[Stored data entries]
+ + +

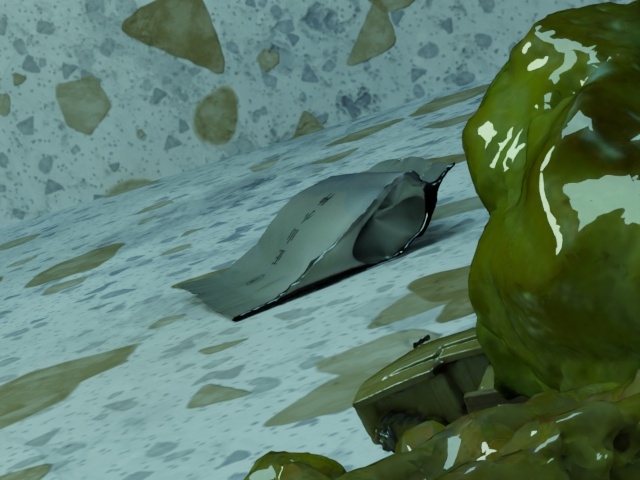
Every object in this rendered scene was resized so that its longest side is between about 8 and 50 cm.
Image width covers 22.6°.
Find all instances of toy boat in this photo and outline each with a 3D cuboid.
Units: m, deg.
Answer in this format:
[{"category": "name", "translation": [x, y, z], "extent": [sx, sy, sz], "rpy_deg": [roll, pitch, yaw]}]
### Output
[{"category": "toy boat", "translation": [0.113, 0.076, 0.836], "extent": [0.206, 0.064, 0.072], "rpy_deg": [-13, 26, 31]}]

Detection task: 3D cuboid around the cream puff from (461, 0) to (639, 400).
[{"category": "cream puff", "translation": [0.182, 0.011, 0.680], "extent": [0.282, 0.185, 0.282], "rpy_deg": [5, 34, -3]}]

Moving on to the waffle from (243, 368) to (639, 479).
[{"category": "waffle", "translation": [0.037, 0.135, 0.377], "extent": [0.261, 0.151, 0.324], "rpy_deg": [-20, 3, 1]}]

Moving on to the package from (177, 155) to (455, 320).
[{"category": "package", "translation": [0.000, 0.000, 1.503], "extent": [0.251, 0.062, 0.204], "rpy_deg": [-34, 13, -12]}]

+ + +

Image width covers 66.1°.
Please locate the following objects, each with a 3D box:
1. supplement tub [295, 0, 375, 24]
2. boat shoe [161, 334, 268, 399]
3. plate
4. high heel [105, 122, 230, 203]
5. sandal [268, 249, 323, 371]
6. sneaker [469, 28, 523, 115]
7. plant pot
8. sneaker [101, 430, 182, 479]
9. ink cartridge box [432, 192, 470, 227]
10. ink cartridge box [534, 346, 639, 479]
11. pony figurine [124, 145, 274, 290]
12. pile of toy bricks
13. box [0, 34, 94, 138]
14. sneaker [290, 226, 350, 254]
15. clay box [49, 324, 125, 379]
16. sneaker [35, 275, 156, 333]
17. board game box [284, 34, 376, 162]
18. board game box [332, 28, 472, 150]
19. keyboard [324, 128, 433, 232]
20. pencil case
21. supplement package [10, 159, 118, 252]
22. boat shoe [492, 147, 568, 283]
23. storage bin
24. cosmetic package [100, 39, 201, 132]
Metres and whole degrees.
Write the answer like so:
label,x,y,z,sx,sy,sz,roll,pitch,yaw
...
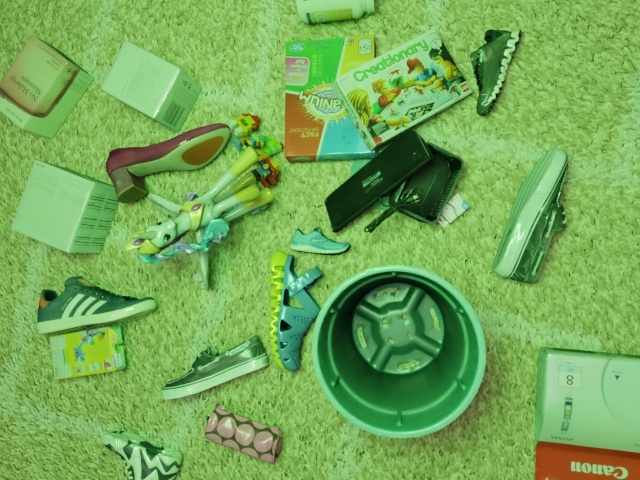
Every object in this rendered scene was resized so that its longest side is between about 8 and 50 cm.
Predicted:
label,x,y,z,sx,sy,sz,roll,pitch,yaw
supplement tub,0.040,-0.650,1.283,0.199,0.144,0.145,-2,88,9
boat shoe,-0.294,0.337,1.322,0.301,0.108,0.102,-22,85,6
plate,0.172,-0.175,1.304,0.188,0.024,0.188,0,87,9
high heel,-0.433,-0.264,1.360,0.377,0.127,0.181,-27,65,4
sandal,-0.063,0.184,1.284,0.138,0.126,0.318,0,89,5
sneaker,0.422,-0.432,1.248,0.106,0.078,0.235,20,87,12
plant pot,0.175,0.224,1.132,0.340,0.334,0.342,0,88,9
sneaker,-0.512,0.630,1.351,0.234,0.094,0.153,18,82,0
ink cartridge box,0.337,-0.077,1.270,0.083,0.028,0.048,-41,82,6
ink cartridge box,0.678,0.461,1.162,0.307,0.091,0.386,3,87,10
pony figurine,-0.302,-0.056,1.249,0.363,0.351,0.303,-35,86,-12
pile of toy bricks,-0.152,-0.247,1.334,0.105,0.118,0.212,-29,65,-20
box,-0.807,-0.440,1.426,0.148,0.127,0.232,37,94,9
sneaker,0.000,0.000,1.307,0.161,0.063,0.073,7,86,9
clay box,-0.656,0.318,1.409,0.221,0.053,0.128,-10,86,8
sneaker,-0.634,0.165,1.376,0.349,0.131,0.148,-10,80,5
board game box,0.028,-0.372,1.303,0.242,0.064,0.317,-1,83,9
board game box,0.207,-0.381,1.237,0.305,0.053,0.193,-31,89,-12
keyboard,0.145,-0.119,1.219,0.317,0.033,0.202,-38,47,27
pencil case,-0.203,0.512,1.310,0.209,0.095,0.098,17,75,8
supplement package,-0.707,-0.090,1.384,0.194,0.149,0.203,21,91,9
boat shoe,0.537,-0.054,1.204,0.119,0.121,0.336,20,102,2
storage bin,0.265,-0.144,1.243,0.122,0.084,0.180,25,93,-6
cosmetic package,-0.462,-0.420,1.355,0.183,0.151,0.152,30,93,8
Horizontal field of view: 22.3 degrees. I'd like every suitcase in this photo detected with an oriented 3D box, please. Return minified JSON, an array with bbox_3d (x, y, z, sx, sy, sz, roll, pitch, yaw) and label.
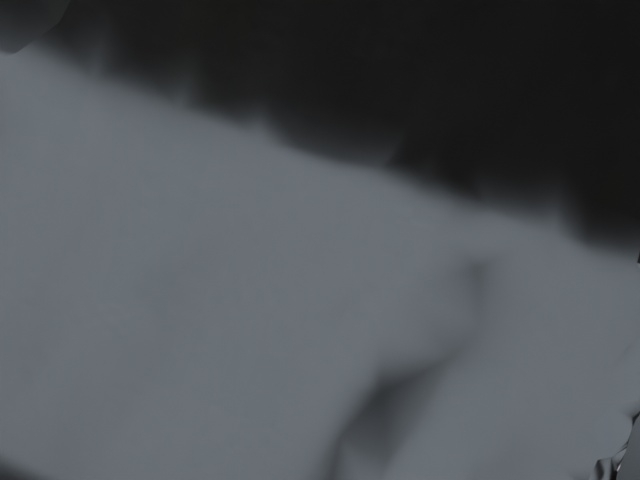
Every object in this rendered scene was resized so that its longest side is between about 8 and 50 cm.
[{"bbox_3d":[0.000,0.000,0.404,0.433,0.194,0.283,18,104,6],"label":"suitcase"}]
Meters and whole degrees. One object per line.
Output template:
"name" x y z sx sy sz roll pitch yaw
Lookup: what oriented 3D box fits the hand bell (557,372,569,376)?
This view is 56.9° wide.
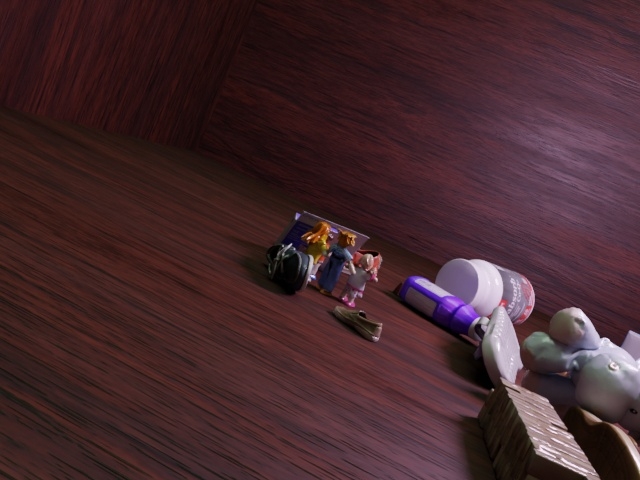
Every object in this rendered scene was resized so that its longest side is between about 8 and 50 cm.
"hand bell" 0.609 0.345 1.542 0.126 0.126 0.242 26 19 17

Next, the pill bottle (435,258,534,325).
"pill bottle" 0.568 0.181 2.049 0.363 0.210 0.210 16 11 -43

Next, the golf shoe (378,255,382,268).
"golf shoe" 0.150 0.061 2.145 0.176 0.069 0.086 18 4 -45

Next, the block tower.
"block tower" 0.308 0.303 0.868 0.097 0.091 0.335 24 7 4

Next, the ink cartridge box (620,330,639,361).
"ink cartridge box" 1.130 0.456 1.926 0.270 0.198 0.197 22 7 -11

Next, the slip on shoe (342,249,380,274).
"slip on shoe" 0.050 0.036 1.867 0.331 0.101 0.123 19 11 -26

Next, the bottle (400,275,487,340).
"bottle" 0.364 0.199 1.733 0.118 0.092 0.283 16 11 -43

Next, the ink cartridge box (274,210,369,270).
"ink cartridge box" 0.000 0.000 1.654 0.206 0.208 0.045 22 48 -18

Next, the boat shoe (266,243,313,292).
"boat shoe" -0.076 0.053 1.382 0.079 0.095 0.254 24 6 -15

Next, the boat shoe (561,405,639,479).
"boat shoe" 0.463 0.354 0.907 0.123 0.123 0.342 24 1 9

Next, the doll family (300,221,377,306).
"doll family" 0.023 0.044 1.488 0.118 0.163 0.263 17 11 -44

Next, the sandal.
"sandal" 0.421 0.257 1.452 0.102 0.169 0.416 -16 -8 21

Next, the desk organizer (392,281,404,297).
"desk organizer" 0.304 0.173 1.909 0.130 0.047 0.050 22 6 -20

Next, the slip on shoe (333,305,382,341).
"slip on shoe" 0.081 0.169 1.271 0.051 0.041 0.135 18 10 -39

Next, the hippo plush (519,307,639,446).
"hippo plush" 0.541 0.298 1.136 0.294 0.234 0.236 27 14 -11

+ + +

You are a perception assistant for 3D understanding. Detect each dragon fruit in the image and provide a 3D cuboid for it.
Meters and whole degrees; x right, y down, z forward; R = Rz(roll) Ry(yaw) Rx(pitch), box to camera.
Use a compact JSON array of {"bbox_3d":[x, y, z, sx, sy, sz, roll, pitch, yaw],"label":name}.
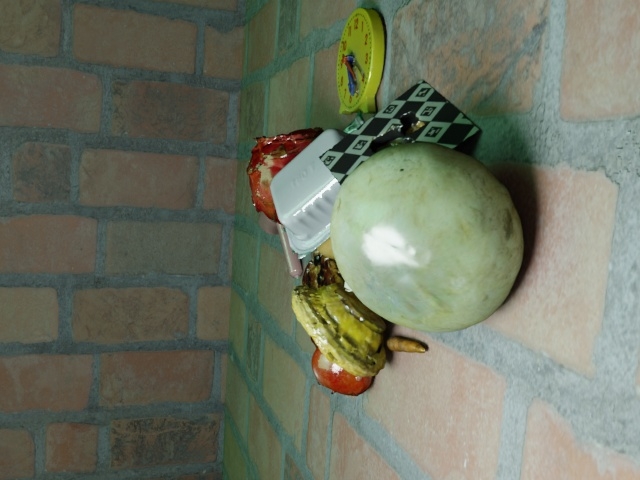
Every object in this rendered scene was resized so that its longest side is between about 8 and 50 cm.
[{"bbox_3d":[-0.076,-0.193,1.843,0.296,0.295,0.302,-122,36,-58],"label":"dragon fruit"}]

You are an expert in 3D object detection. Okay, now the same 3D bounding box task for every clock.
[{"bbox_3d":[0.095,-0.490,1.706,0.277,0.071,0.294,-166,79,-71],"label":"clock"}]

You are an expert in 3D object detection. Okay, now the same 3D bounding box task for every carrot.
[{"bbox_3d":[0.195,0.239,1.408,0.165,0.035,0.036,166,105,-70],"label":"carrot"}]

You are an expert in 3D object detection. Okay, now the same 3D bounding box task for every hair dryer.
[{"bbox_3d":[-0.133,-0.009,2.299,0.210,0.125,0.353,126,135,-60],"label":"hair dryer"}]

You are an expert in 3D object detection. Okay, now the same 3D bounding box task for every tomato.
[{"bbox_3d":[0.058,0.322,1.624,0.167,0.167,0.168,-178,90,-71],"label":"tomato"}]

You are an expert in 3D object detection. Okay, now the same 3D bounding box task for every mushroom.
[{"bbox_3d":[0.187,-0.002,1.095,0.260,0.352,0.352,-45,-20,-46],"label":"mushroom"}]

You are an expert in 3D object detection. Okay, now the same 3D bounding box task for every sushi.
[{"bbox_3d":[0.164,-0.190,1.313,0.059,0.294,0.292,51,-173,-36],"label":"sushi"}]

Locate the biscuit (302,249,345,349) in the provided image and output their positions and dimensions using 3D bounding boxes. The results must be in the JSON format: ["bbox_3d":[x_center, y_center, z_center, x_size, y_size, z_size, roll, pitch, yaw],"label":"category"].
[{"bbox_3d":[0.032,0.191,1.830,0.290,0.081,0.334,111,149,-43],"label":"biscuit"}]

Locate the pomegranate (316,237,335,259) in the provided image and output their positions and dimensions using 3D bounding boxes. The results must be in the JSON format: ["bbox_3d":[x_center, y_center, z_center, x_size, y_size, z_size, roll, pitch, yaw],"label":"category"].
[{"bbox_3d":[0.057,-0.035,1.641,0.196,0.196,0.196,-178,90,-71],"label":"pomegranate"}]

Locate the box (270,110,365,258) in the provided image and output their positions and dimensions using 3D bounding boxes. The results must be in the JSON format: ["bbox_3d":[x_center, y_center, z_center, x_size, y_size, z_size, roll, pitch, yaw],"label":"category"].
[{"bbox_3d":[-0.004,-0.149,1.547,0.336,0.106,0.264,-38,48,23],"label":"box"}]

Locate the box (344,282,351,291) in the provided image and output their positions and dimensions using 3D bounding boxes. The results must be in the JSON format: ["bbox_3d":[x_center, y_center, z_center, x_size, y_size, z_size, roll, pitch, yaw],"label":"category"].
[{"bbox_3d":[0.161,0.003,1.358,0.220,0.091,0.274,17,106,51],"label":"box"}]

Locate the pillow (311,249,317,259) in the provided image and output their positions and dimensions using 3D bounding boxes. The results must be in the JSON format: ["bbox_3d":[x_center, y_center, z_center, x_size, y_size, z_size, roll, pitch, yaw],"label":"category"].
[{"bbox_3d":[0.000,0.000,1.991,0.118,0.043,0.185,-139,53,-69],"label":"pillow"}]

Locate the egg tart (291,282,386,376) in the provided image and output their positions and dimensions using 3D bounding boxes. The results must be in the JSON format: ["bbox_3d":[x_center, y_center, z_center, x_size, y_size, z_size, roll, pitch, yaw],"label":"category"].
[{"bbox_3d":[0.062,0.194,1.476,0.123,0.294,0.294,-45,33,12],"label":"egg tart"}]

+ + +

__WHAT YOU NEED TO DO__
State how many lines in the entries above hold the word "covers", with no further text.

__ANSWER TO THIS PROBLEM__
2